Reasons To Watch in 2015: #10 – The Rise or Fall of Ruben Amaro Jr.


The countdown is on. Pitchers and catchers are scheduled to be reporting to the Carpenter Complex in Clearwater, FL next Wednesday, February 18th. It’s been an offseason where we’ve all asked “when” more times than we can count. When will the Phillies trade the likes of Hamels, Rollins, Utley, Byrd, and Papelbon? When will we as fans finally get to see the passing of the torch from Ryan Howard to Maikel Franco? Heck, when will Ryan Howard just be released? When will Ken Giles get his opportunity as the closer? When can we expect this team to be competitive again? All of these questions center around and lead us to reason #10 to watch the Phillies in 2015: Ruben Amaro Jr.

RAJ enters the 2015 season in the position of lame duck general manager, a role no sports executive or manager ever wants to be in.
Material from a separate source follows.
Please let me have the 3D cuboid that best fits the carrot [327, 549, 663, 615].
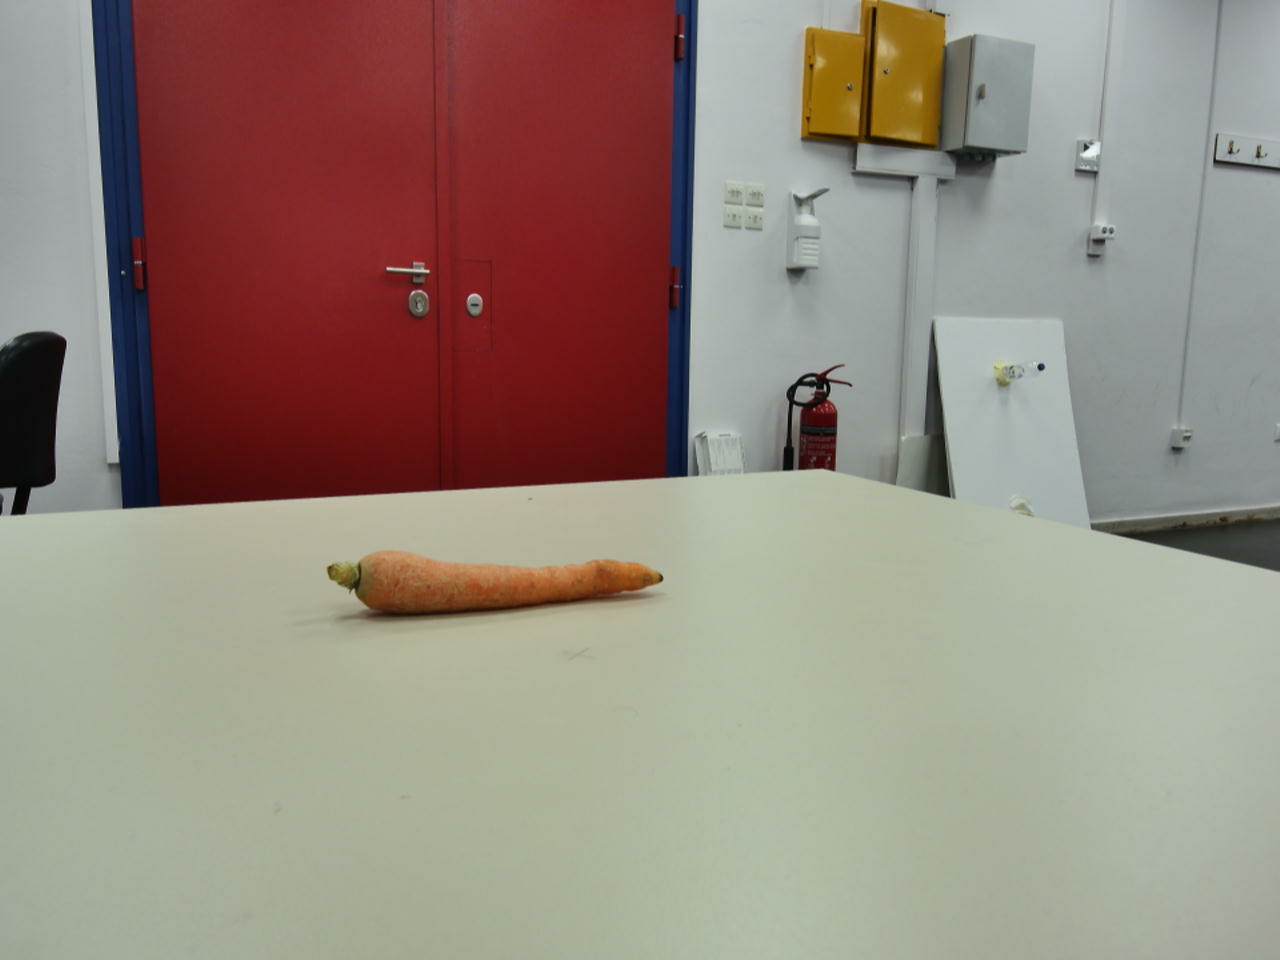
[{"bbox_3d":[-0.069,0.049,0.509,0.173,0.032,0.030,-2,7,-16],"label":"carrot"}]

The 4-year extension that he signed well before the 2012 season is up at the end of the year. Bottom line: it’s make or break time for Amaro. His legacy hinges on what he is able to accomplish in these next 8 months and how Phillies President Pat Gillick and the rest of the ownership group view the team’s rebuilding progress. For once, it’s not about who Ruben is able to sway to come to Philadelphia, but instead how he can get the most for the assets he still has left.

Thus far, only a few of our questions have been answered by Amaro. He successfully traded Jimmy Rollins, a Phillies mainstay at shortstop since the early 2000’s, to the Dodgers for two pitching prospects in Zach Eflin and Tom Windle. A late Christmas gift was then received just before the new year as Marlon Byrd, the team’s 2014 leader in home runs, was dealt to the Reds for their minor league pitcher of the year, Ben Lively. Both moves, while doing nothing to help the 2015 major league roster, were steps in the right direction. Baseball America recently included all three on their revised 2015 Phillies Top 10 Prospects list.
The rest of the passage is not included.